Stoop Philosophies

front porch philosophies from an "ordinary" life

Thursday, December 13, 2012

Dude! Where's my soap?

 I don't know how or even when it happened, but one day there suddenly were no more bars of soap in the house and what we were left to shower with was something called body wash and a thingamajig called a "pouf" (which I finally learned the name of after about two years of using the damn thing). When it ultimately came unravelled, I would tell my wife I need a new shower thingy, somehow she always knew exactly what I was talking about.

 I really think this was some nation(or world) -wide conspiracy by the women of our households to take control of the bathrooms of America(or the world). No one saw it coming, well at least I didn't... one day a bar of soap, the next a "pouf" I thought it was bad enough having all the bottles of shampoo and conditioner lining the tub, now we all (all of us in the house who shower have our own bottle of soap-oops! I mean, body wash) Of course these plastic bottles all filled to varying capacities inevitably get knocked around inside the tub and out every time someone moves the shower curtain to get in or out. Not to mention all the "pouf"s hanging in the shower, it's getting a little crowded in there folks.
And why do women, at least the women in my household need more than one bottle of so-(uh) body wash or shampoo? I tend to use one til its done then get another, but "they" seem to get close to the end but not quite and then get another so now there are two, sometimes three bottles of BW for each of them as well as two or three shampoo bottles for each of them and then they each have a conditioner, because lo! why should anyone share anything around here? Sometimes there are also these little boutique-y bottles of "special" BW that someone gave to them in a gift basket maybe five years ago (probably me) What about the Earth people??? All this plastic!

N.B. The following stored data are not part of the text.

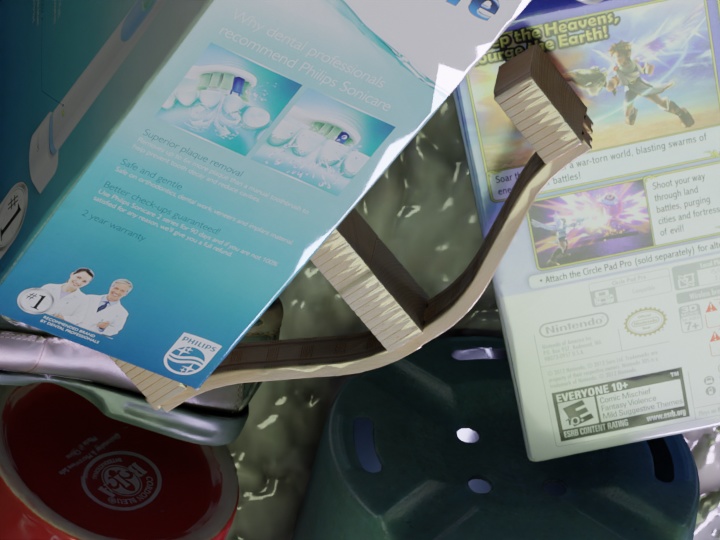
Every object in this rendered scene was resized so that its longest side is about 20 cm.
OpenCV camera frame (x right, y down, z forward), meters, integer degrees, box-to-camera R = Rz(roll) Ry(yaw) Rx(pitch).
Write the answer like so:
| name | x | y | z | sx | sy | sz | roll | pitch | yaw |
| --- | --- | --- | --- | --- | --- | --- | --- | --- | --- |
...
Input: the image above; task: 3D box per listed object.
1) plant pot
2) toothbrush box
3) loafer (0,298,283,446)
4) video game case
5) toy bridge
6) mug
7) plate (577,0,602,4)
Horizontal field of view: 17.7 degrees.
| name | x | y | z | sx | sy | sz | roll | pitch | yaw |
| --- | --- | --- | --- | --- | --- | --- | --- | --- | --- |
| plant pot | 0.047 | 0.146 | 0.945 | 0.199 | 0.200 | 0.197 | 3 | 125 | -10 |
| toothbrush box | -0.038 | -0.087 | 0.727 | 0.085 | 0.147 | 0.200 | 22 | 126 | -26 |
| loafer | -0.120 | 0.009 | 0.874 | 0.200 | 0.072 | 0.063 | 20 | 109 | -33 |
| video game case | 0.141 | -0.034 | 0.841 | 0.199 | 0.045 | 0.182 | -11 | 119 | 3 |
| toy bridge | 0.000 | 0.000 | 0.822 | 0.200 | 0.027 | 0.067 | -32 | 112 | 23 |
| mug | -0.135 | 0.155 | 0.935 | 0.133 | 0.178 | 0.200 | 20 | 124 | -16 |
| plate | 0.028 | -0.203 | 0.618 | 0.032 | 0.200 | 0.200 | -3 | 147 | 48 |

 Having said all this, I do understand the reasons for getting rid of the soap- the little hairs stuck to the diminishing bar was kind of gross and the mess it made even if you tried to contain it in a dish was a bear to clean, or so my wife tells me...

But back to this "pouf" thing. What the hell is it and where did it come from? Gotta be the damn French! Right? These things were not made for men. Mine always seem to come unravelled at a much quicker pace than anyone else's. I know, I can see them all hanging there, mocking me. So...
now there are some companys trying to make the "pouf"( I am physically unable to print this word without the " ") a little more manly. Have you seen these things? They are some futuristic looking triangle shaped amalgamation of the "pouf" and some old hard washcloth left over from the seventies, before people knew about thread counts and such. The "pouf" is cut in half and place in the center of a semi-hard rubber triangular...what looks like some tabletop mass communication device maybe from Star Trek or the like. The other side has an almost sandpaper quality washcloth sewn or fused in or laser-attached, it all looks very high-tech but is incredibly low(brow)-tech. While I appreciate the attempt at "manning up" the adorable "pouf", I have to say this was a swing and a miss, let's try again. This means you Dove and Axe.

...and that's all I have to say about that.